WHAT TO WORK ON:
The reply should hold only the lines below from the one with "And the test tube rack [439,251,587,422]." to the end, each copied exactly.

DATA:
————
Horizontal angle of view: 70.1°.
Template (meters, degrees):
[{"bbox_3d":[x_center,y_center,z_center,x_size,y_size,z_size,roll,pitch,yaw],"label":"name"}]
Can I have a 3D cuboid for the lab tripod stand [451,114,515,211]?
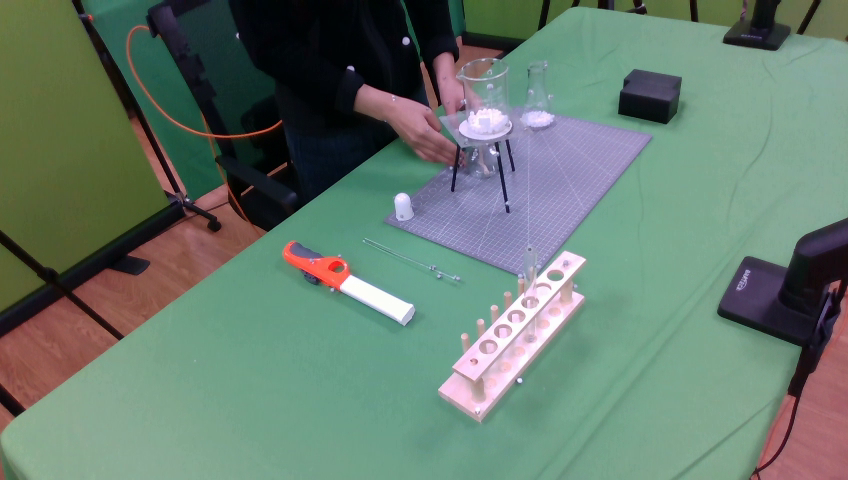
[{"bbox_3d":[0.113,-0.140,1.037,0.148,0.132,0.147,-6,38,5],"label":"lab tripod stand"}]

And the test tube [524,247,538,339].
[{"bbox_3d":[0.133,0.070,0.749,0.017,0.151,0.017,-5,38,4],"label":"test tube"}]

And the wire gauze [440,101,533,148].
[{"bbox_3d":[0.100,-0.189,0.995,0.125,0.011,0.120,-16,37,-6],"label":"wire gauze"}]

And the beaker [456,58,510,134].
[{"bbox_3d":[0.098,-0.226,0.964,0.084,0.101,0.073,-7,39,4],"label":"beaker"}]

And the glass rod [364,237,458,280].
[{"bbox_3d":[-0.026,0.029,0.966,0.198,0.008,0.008,22,49,35],"label":"glass rod"}]

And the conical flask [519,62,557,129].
[{"bbox_3d":[0.225,-0.288,1.198,0.075,0.122,0.075,-6,40,5],"label":"conical flask"}]

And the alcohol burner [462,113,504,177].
[{"bbox_3d":[0.106,-0.175,1.095,0.078,0.119,0.077,-5,38,4],"label":"alcohol burner"}]

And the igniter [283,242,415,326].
[{"bbox_3d":[-0.126,0.062,0.931,0.274,0.025,0.057,24,61,33],"label":"igniter"}]

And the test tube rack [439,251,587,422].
[{"bbox_3d":[0.118,0.111,0.780,0.066,0.085,0.243,26,51,35],"label":"test tube rack"}]

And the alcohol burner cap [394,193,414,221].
[{"bbox_3d":[-0.036,-0.059,1.040,0.034,0.048,0.033,-5,41,5],"label":"alcohol burner cap"}]
————
YOUR SOLUTION:
And the test tube rack [439,251,587,422].
[{"bbox_3d":[0.118,0.111,0.780,0.066,0.085,0.243,26,51,35],"label":"test tube rack"}]

And the alcohol burner cap [394,193,414,221].
[{"bbox_3d":[-0.036,-0.059,1.040,0.034,0.048,0.033,-5,41,5],"label":"alcohol burner cap"}]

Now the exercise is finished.